Source data —
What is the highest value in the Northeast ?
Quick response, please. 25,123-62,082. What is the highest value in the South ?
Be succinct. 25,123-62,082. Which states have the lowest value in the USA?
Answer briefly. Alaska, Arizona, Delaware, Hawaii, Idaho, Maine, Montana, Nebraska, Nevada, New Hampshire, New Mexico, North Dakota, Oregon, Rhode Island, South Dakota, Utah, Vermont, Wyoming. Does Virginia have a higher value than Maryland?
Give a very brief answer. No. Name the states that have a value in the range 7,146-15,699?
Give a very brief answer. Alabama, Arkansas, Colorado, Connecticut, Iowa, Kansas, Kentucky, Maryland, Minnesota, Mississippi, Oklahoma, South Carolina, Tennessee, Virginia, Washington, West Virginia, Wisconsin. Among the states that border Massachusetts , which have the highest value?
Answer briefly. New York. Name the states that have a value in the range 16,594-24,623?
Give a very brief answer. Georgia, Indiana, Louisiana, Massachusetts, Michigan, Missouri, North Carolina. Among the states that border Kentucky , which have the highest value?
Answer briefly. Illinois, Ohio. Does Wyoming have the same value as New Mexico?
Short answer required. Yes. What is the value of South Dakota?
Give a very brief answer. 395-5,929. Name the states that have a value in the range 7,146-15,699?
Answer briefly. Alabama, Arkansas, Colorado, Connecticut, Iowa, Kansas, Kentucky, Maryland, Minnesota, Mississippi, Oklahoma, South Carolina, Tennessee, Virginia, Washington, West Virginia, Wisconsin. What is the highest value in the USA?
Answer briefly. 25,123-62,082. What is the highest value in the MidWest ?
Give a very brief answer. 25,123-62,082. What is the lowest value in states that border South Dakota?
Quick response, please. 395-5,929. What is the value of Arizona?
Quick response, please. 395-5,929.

What you should do — Copy out all the entries shown above, character for character.

Solved exercise —
What is the highest value in the Northeast ?
Quick response, please. 25,123-62,082. What is the highest value in the South ?
Be succinct. 25,123-62,082. Which states have the lowest value in the USA?
Answer briefly. Alaska, Arizona, Delaware, Hawaii, Idaho, Maine, Montana, Nebraska, Nevada, New Hampshire, New Mexico, North Dakota, Oregon, Rhode Island, South Dakota, Utah, Vermont, Wyoming. Does Virginia have a higher value than Maryland?
Give a very brief answer. No. Name the states that have a value in the range 7,146-15,699?
Give a very brief answer. Alabama, Arkansas, Colorado, Connecticut, Iowa, Kansas, Kentucky, Maryland, Minnesota, Mississippi, Oklahoma, South Carolina, Tennessee, Virginia, Washington, West Virginia, Wisconsin. Among the states that border Massachusetts , which have the highest value?
Answer briefly. New York. Name the states that have a value in the range 16,594-24,623?
Give a very brief answer. Georgia, Indiana, Louisiana, Massachusetts, Michigan, Missouri, North Carolina. Among the states that border Kentucky , which have the highest value?
Answer briefly. Illinois, Ohio. Does Wyoming have the same value as New Mexico?
Short answer required. Yes. What is the value of South Dakota?
Give a very brief answer. 395-5,929. Name the states that have a value in the range 7,146-15,699?
Answer briefly. Alabama, Arkansas, Colorado, Connecticut, Iowa, Kansas, Kentucky, Maryland, Minnesota, Mississippi, Oklahoma, South Carolina, Tennessee, Virginia, Washington, West Virginia, Wisconsin. What is the highest value in the USA?
Answer briefly. 25,123-62,082. What is the highest value in the MidWest ?
Give a very brief answer. 25,123-62,082. What is the lowest value in states that border South Dakota?
Quick response, please. 395-5,929. What is the value of Arizona?
Quick response, please. 395-5,929.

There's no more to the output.